[Dataset items]
===

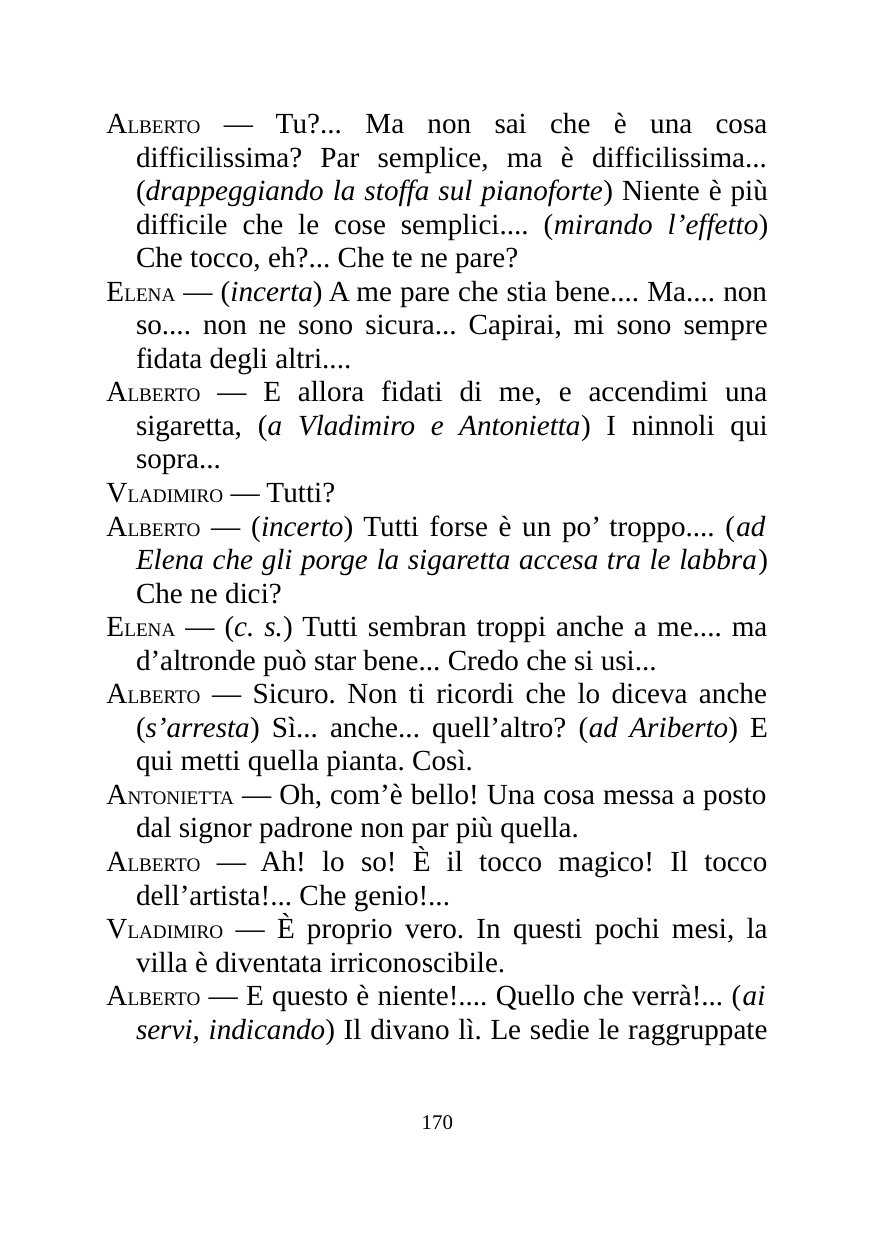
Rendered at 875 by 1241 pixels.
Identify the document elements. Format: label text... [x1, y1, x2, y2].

text Alberto — (incerto) Tutti forse è un po’ troppo.... (ad Elena che gli porge la sigaretta accesa tra le labbra) Che ne dici? [106, 509, 768, 609]
text Elena — (c. s.) Tutti sembran troppi anche a me.... ma d’altronde può star bene... Credo che si usi... [106, 609, 768, 676]
text Antonietta — Oh, com’è bello! Una cosa messa a posto dal signor padrone non par più quella. [106, 777, 768, 844]
text Alberto — Tu?... Ma non sai che è una cosa difficilissima? Par semplice, ma è difficilissima... (drappeggiando la stoffa sul pianoforte) Niente è più difficile che le cose semplici.... (mirando l’effetto) Che tocco, eh?... Che te ne pare? [106, 106, 768, 274]
text Vladimiro — È proprio vero. In questi pochi mesi, la villa è diventata irriconoscibile. [106, 911, 768, 978]
text Vladimiro — Tutti? [106, 475, 768, 509]
text Alberto — Ah! lo so! È il tocco magico! Il tocco dell’artista!... Che genio!... [106, 844, 768, 911]
text Elena — (incerta) A me pare che stia bene.... Ma.... non so.... non ne sono sicura... Capirai, mi sono sempre fidata degli altri.... [106, 274, 768, 374]
text Alberto — E allora fidati di me, e accendimi una sigaretta, (a Vladimiro e Antonietta) I ninnoli qui sopra... [106, 374, 768, 475]
text Alberto — Sicuro. Non ti ricordi che lo diceva anche (s’arresta) Sì... anche... quell’altro? (ad Ariberto) E qui metti quella pianta. Così. [106, 676, 768, 777]
text Alberto — E questo è niente!.... Quello che verrà!... (ai servi, indicando) Il divano lì. Le sedie le raggruppate [106, 978, 768, 1045]
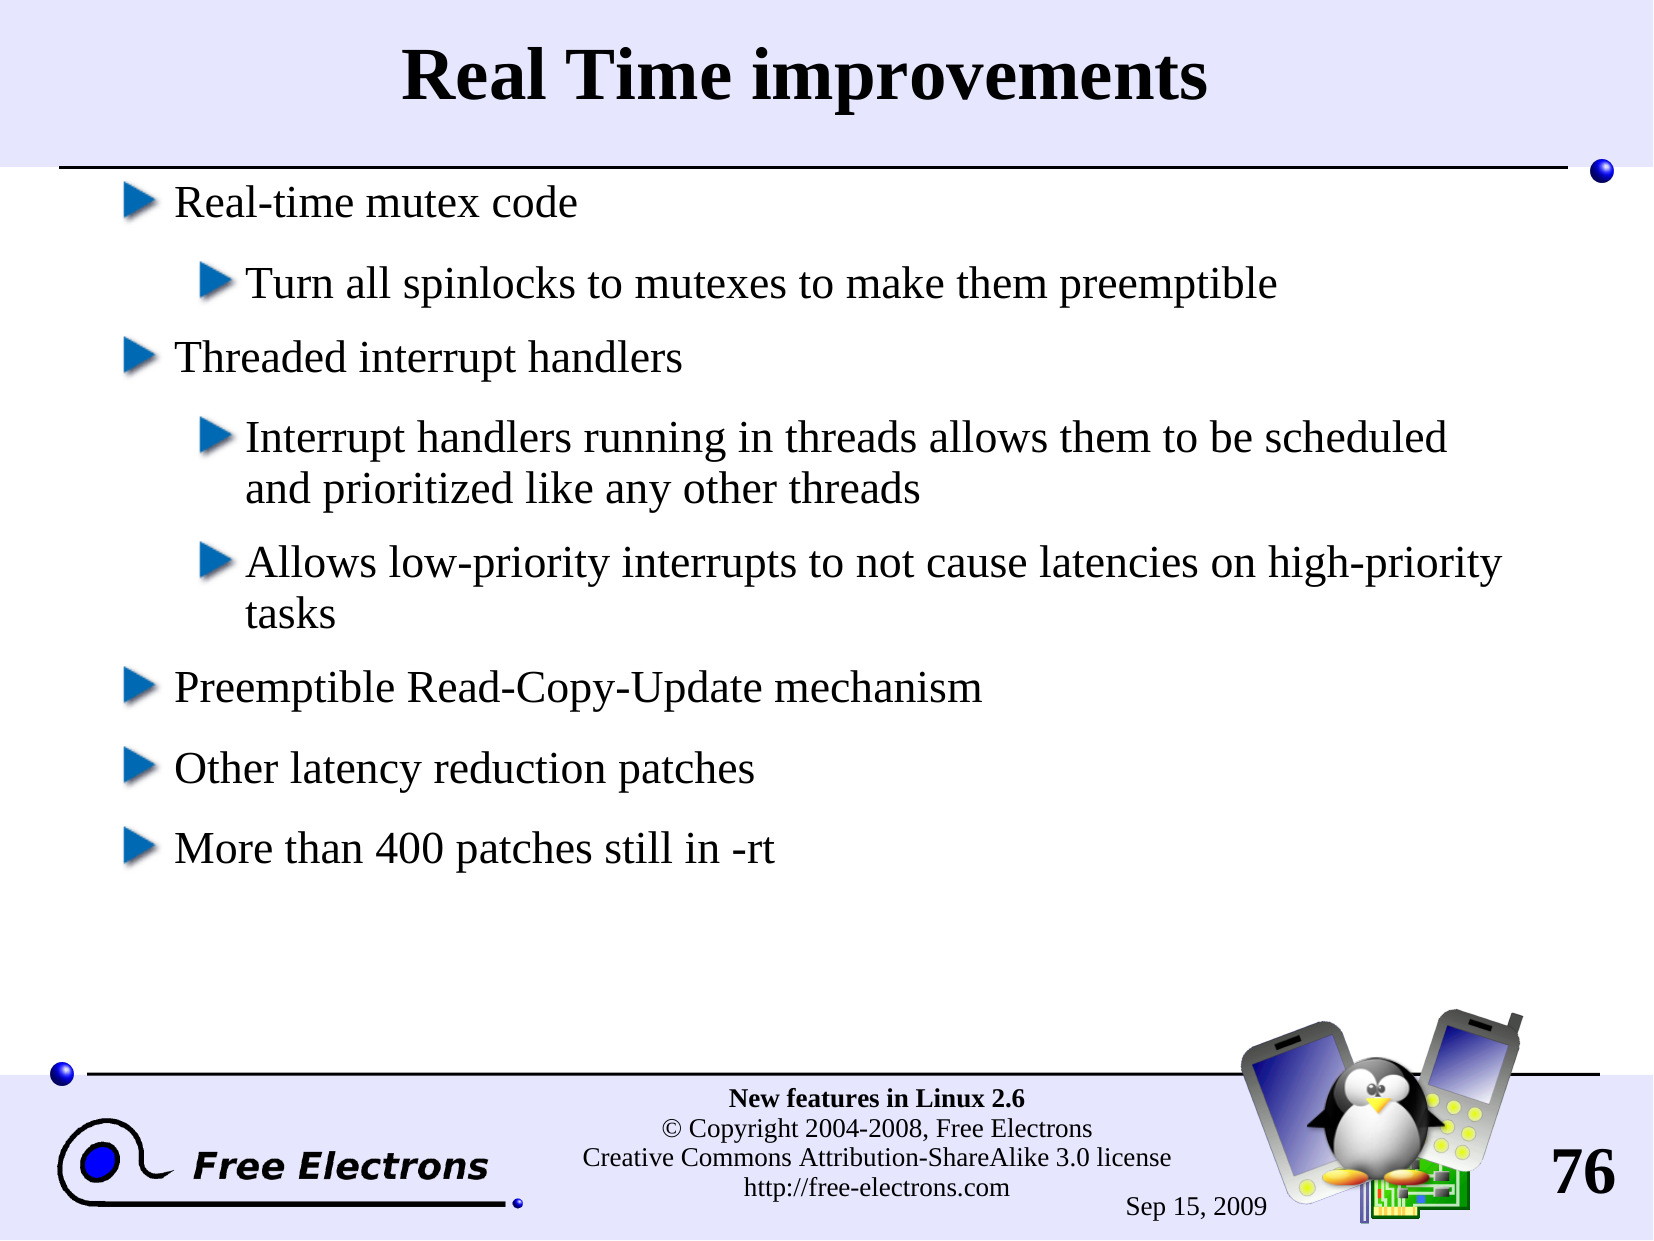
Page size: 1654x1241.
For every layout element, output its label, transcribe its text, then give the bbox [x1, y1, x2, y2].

title Real Time improvements [60, 25, 1551, 124]
list Real-time mutex code Turn all spinlocks to mutexes to make them preemptible Threaded interrupt handlers Interrupt handlers running in threads allows them to be scheduled and prioritized like any other threads Allows low-priority interrupts to not cause latencies on high-priority tasks Preemptible Read-Copy-Update mechanism Other latency reduction patches More than 400 patches still in -rt [103, 177, 1516, 1027]
picture [50, 1107, 527, 1216]
picture [1224, 1006, 1538, 1241]

===

Reproduce the data above line for line, from its first line through the line containing "text Elena — (c.", both ends included, with the pictures omitted and nothing more.

▶ [WRITTEN REPLY]
Rendered at 875 by 1241 pixels.
Identify the document elements. Format: label text... [x1, y1, x2, y2].

text Alberto — (incerto) Tutti forse è un po’ troppo.... (ad Elena che gli porge la sigaretta accesa tra le labbra) Che ne dici? [106, 509, 768, 609]
text Elena — (c. s.) Tutti sembran troppi anche a me.... ma d’altronde può star bene... Credo che si usi... [106, 609, 768, 676]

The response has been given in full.